State dashboard — real-time web dashboard showing the access chain graph, targets, credentials, and assessment progress. Start in a separate terminal:

bash operator/state-viewer/start.sh

Teammates communicate findings directly via peer-to-peer messaging and write to state.db for durability. No event watcher needed — teammate messages are the notification channel.
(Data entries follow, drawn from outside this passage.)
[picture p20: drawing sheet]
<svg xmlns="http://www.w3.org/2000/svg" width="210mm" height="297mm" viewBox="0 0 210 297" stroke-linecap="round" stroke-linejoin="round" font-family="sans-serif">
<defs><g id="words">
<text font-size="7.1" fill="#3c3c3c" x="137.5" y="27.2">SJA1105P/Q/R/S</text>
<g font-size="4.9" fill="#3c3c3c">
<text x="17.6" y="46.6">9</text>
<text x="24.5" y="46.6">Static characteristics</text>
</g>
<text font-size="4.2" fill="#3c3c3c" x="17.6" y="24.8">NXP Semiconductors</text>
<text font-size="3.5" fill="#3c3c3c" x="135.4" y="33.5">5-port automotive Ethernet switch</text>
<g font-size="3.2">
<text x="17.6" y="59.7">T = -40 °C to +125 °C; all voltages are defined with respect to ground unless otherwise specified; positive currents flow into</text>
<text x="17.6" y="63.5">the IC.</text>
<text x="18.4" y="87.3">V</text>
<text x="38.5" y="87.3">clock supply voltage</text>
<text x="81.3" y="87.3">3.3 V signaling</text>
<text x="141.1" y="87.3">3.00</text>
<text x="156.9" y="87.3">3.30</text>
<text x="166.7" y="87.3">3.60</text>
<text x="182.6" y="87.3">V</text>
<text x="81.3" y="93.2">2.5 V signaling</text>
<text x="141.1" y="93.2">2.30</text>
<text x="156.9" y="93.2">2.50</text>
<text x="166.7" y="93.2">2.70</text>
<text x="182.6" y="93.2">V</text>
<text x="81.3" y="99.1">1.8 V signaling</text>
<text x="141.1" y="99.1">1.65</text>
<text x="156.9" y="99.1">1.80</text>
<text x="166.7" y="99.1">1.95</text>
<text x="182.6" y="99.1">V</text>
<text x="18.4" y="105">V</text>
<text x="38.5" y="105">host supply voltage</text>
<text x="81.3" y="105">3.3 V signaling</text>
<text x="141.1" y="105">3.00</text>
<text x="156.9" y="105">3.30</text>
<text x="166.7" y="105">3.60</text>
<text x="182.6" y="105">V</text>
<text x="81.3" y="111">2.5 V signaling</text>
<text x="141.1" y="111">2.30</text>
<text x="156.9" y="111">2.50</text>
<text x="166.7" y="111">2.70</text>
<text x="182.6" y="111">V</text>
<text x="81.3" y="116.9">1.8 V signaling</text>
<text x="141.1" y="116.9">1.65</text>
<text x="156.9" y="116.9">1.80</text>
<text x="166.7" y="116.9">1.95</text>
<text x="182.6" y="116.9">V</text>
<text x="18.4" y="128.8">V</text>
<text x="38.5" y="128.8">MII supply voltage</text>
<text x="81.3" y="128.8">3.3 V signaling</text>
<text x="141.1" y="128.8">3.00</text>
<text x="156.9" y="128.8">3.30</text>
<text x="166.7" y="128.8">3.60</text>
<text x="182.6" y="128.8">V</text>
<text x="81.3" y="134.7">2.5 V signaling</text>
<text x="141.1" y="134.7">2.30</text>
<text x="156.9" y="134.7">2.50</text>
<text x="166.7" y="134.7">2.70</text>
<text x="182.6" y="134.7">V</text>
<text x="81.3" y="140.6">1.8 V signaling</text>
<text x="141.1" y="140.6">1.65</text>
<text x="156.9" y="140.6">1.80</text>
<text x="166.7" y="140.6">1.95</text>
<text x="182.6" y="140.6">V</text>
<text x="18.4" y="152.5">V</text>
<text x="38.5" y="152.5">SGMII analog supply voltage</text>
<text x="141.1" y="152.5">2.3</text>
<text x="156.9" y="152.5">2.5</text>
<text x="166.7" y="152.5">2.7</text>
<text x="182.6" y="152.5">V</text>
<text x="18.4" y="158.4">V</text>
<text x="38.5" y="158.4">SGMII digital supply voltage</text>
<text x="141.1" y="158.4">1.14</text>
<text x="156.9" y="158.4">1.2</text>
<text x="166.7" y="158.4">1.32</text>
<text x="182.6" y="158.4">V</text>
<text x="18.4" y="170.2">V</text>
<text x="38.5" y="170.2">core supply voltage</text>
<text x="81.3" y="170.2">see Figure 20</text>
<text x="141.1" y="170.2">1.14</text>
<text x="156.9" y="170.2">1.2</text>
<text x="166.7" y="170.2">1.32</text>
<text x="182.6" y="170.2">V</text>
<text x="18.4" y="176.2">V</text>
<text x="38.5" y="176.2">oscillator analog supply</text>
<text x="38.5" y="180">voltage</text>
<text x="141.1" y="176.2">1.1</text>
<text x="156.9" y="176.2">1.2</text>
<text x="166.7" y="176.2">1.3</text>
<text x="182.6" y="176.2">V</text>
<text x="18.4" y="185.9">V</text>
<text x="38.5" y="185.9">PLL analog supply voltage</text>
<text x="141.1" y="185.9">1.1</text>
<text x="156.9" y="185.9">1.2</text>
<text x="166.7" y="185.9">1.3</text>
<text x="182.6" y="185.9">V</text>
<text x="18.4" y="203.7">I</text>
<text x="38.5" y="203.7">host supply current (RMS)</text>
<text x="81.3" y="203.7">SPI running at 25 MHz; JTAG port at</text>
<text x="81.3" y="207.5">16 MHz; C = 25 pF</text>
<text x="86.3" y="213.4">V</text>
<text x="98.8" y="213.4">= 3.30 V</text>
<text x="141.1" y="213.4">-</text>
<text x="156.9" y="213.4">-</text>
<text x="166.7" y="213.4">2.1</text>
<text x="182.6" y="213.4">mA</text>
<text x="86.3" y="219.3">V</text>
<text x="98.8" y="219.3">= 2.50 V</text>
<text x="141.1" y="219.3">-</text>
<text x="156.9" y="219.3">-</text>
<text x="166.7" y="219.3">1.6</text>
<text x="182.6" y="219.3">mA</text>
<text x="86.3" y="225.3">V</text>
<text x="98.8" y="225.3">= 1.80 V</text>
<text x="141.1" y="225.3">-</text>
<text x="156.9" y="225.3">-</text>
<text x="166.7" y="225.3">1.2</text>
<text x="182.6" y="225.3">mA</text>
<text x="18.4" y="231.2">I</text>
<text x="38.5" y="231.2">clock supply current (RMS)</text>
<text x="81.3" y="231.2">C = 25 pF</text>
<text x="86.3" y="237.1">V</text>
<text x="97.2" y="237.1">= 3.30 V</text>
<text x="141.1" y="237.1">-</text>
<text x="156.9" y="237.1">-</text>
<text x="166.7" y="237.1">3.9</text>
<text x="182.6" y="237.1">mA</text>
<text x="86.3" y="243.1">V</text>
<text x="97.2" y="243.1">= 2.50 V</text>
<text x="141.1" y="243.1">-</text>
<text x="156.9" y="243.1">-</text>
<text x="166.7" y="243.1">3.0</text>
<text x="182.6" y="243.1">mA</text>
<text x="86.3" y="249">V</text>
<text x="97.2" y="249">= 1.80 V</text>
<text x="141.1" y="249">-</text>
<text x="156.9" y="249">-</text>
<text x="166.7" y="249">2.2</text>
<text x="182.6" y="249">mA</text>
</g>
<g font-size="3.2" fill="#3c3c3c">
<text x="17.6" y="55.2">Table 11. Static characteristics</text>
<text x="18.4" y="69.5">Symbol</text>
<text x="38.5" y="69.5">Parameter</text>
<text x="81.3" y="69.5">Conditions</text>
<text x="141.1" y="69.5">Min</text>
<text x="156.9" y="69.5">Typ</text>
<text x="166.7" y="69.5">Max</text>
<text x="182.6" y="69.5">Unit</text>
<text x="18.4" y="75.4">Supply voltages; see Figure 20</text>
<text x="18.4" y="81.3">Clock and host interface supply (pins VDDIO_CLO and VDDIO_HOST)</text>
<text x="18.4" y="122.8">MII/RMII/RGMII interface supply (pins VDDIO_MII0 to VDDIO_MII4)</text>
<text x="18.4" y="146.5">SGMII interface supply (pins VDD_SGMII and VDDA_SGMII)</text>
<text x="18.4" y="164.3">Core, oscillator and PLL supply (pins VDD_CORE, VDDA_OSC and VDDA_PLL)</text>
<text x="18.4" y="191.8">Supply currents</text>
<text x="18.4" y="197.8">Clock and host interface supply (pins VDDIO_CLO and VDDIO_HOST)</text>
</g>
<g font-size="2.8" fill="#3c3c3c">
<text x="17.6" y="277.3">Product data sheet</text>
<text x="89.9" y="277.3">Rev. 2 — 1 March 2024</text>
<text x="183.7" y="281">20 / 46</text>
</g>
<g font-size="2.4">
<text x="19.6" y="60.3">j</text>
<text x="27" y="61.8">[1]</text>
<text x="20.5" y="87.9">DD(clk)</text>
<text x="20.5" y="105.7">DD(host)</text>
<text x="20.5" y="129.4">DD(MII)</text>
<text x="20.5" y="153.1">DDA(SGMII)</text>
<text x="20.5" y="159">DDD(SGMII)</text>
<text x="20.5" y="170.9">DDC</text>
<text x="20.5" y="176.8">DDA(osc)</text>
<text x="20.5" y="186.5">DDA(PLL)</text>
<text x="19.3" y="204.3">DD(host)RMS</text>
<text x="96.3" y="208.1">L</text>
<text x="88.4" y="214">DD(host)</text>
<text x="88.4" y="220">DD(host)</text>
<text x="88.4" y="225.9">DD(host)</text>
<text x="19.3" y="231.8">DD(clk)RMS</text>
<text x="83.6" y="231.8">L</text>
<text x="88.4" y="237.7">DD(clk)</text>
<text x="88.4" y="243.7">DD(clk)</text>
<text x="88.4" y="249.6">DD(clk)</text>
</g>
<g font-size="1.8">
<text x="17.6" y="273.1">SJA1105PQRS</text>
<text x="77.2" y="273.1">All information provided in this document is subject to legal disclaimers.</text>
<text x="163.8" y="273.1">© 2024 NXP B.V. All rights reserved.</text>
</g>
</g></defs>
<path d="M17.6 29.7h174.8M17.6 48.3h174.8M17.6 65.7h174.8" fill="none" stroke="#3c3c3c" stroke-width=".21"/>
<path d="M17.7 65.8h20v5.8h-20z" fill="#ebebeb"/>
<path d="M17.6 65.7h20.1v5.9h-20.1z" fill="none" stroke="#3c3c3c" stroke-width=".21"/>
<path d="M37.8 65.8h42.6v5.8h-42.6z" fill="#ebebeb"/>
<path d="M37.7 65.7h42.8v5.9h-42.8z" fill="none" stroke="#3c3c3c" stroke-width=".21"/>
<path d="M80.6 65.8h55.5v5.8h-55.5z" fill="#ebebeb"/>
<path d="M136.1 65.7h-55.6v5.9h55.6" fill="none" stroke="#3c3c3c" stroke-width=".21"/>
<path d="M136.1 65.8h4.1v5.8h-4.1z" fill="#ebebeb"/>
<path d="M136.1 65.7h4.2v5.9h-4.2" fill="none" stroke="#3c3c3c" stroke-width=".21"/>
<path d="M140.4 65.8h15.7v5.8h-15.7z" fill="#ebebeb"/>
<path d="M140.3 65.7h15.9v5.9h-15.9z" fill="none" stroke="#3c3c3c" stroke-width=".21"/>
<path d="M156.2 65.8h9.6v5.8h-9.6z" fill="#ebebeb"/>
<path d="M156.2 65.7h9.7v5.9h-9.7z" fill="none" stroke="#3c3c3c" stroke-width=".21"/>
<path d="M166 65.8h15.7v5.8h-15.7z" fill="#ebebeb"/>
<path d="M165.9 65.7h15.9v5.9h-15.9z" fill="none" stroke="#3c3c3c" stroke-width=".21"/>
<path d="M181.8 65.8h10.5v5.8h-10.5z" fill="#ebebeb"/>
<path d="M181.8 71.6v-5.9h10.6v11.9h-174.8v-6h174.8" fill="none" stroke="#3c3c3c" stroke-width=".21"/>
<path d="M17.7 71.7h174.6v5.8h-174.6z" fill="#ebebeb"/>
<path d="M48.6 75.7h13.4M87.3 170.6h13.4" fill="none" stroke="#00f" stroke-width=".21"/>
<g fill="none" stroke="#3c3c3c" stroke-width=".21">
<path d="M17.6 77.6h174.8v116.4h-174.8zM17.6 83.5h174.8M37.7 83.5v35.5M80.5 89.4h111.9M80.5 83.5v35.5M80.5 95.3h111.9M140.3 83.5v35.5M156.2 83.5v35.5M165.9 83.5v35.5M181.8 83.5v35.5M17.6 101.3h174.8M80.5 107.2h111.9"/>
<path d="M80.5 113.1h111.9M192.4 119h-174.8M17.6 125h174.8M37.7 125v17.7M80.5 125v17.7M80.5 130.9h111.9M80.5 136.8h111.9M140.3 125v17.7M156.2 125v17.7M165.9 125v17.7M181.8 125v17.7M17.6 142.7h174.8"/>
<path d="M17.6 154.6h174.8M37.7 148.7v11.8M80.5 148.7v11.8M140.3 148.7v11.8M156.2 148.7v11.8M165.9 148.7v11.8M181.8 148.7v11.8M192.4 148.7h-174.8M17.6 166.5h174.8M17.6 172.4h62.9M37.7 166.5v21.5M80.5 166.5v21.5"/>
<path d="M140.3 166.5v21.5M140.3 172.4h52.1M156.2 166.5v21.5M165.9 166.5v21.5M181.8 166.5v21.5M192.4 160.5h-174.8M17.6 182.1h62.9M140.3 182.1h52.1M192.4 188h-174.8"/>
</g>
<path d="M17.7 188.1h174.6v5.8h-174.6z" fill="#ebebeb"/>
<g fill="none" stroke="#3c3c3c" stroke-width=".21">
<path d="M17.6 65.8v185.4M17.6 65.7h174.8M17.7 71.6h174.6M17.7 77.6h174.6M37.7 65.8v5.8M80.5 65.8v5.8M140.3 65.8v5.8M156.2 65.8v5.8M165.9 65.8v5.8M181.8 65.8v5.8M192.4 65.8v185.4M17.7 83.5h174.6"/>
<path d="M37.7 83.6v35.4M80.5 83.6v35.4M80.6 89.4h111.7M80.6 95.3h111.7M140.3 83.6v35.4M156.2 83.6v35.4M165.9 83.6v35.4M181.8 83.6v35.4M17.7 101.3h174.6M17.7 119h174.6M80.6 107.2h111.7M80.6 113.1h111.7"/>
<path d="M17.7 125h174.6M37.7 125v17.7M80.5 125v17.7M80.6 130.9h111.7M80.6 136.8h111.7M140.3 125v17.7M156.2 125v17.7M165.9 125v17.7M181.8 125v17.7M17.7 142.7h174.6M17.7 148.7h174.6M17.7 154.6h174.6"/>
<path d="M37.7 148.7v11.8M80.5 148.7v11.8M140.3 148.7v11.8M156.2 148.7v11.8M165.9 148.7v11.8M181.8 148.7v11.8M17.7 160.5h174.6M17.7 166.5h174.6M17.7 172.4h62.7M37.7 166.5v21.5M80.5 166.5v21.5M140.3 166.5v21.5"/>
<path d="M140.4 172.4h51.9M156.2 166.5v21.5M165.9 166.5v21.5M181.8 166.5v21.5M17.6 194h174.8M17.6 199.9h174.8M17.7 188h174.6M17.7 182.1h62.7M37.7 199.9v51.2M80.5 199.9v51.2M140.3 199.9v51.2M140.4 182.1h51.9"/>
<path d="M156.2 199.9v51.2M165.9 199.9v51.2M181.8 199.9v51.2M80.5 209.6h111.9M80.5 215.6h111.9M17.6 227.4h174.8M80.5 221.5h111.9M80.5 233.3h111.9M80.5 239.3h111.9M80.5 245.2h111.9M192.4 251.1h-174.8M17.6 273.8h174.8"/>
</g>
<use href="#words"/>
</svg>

See Dashboard and Monitoring for full details.

Post-Engagement

When objectives are met (or all paths exhausted), the orchestrator:

  1. Collects evidence — ensures all findings are in engagement/evidence/
  2. Updates state — marks vulnerabilities as done, verifies access records
  3. Verifies objectives — confirms flags captured, access achieved
  4. Summarizes — produces an engagement summary with key findings

Retrospective

The retrospective skill is how red-run gets better for you over time. After an engagement, it reads through everything that happened — the activity log, engagement state, findings, and the raw JSONL transcripts from every teammate — and produces a structured analysis of what worked, what didn't, and what to fix.

It evaluates five things:

  1. Skill routing — Did the orchestrator pick the right skills? Were any skills skipped that should have been used? Was anything executed inline (without loading a skill) that a skill already covers? This produces a routing ledger showing every decision and whether it was correct.

  2. Knowledge gaps — For each skill that was used, did it have the right payloads? Did the target hit edge cases the skill didn't cover? Were tool commands correct or did the teammate have to improvise? Each gap becomes a specific edit to make.

  3. Missing skills — Were techniques used manually that should be skills? It cross-references against the full skill inventory via search_skills() to distinguish actual coverage gaps from routing gaps (skill exists but wasn't used).

  4. Operational review — Were OPSEC ratings respected? Were there unnecessary detours? Did the orchestrator chain vulnerabilities efficiently or miss shortcuts?

  5. Critical path — Maps the actual kill chain and identifies bottlenecks where the engagement stalled.

The output is engagement/retrospective.md with a priority-ordered list of actionable items: skill updates, new skills to write, routing fixes, and template changes. After you review and pick which items to prioritize, the retrospective skill makes the edits directly — updating skill files, creating new skills from the template, fixing routing tables — and re-indexes the skill library so changes take effect immediately.

This is the feedback loop that makes the skill library adapt to your targets and methodology. Skills ship as baseline templates; retrospectives refine them based on what you actually encounter.